GIVEN RECORDS Block Start

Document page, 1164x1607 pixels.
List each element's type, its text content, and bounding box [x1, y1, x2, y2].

GIVEN RECORDS Block End
GIVEN RECORDS Block Start

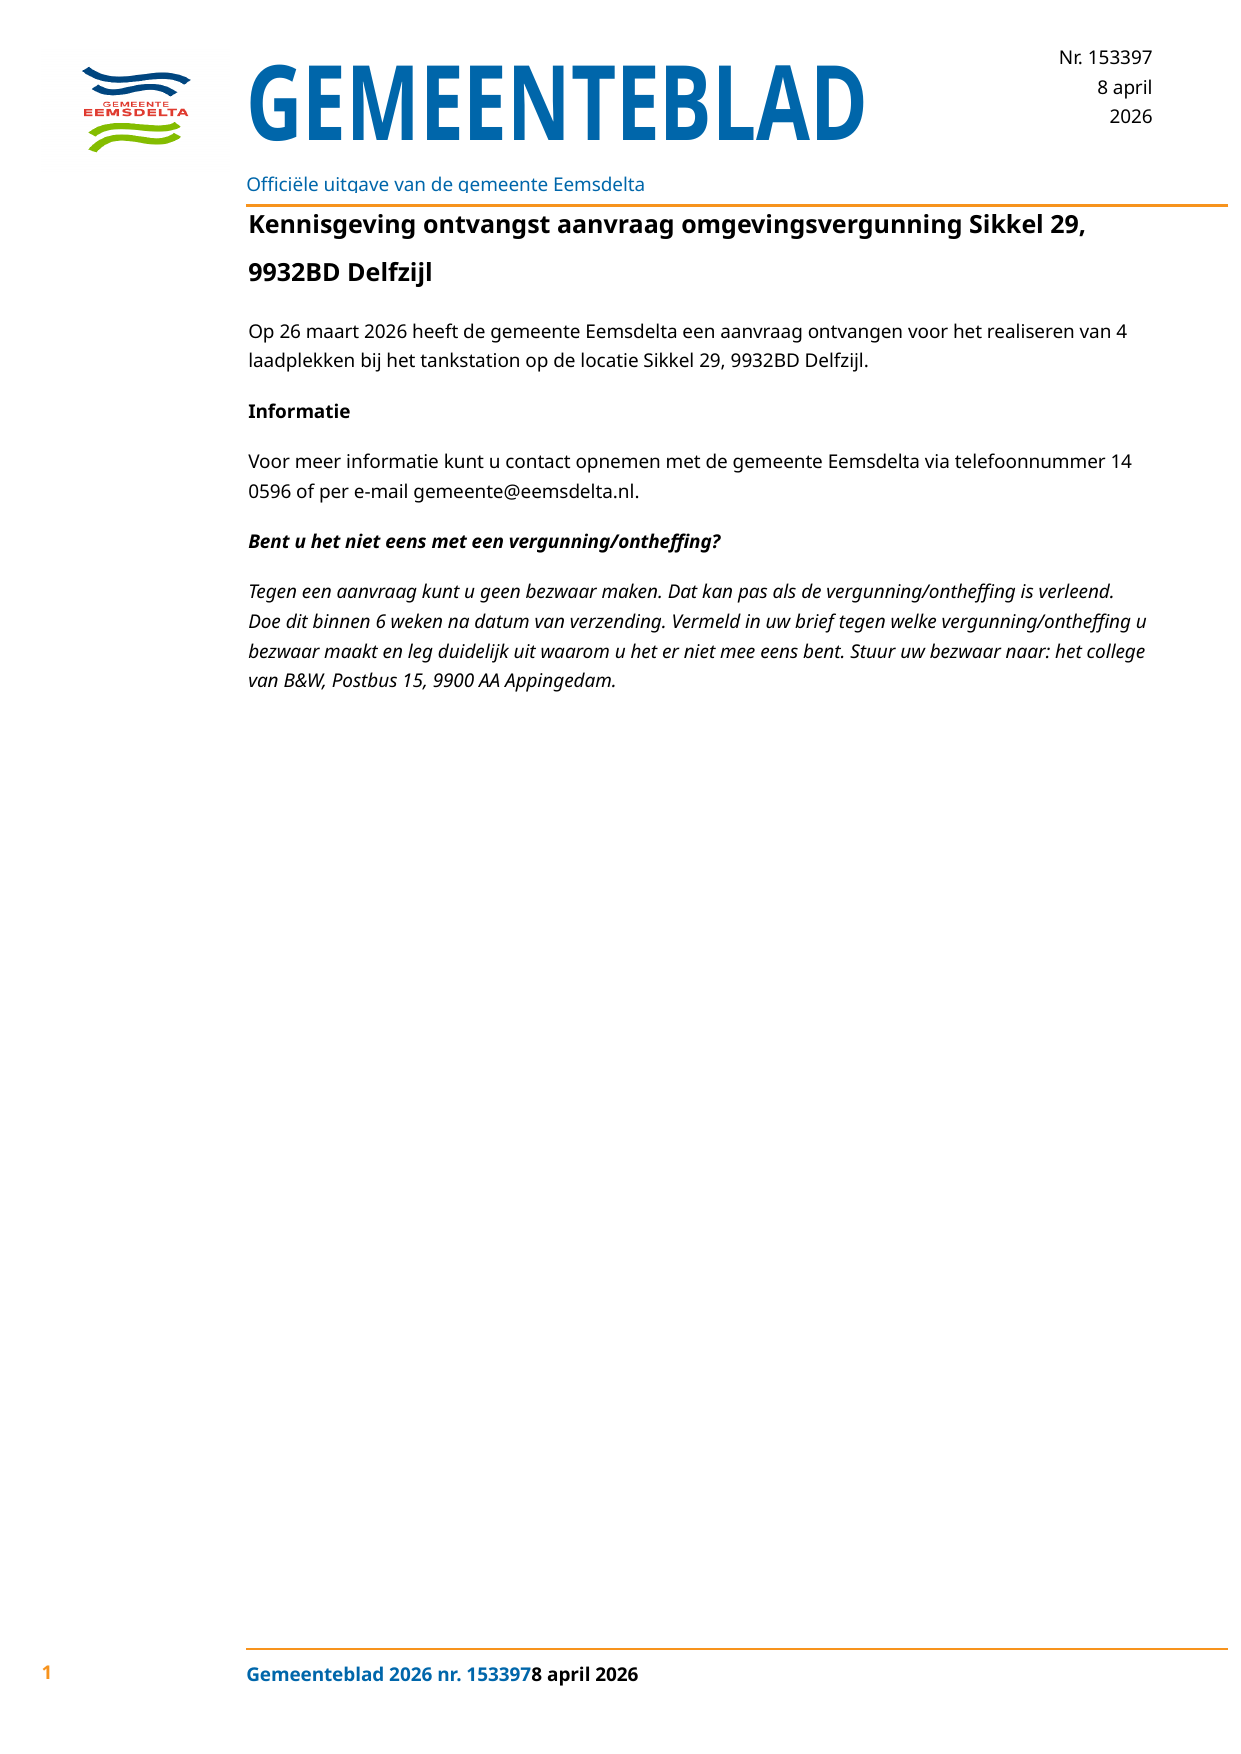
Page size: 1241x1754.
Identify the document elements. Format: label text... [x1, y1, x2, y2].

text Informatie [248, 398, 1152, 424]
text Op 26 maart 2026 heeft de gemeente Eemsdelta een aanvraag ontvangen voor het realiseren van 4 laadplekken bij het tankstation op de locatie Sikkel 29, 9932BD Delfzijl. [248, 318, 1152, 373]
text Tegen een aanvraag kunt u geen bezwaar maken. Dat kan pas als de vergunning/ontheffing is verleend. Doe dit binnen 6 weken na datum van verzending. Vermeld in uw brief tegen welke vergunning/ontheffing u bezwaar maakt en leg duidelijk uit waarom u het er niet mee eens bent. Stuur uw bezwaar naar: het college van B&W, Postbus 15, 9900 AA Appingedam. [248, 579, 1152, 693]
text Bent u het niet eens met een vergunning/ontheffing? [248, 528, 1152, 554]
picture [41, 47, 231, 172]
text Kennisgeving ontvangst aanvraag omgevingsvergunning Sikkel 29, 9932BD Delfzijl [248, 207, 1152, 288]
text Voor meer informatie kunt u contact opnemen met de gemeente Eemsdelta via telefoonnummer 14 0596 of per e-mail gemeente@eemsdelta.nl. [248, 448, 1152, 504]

GIVEN RECORDS Block End

Retype exactly, and only, the lines above from the one where "Document page, 1164x1607 pixels." occurs up to and including the one where "List each element's" occurs.

[SOLUTION FOR THIS PROBLEM]:
Document page, 1164x1607 pixels.
List each element's type, its text content, and bounding box [x1, y1, x2, y2].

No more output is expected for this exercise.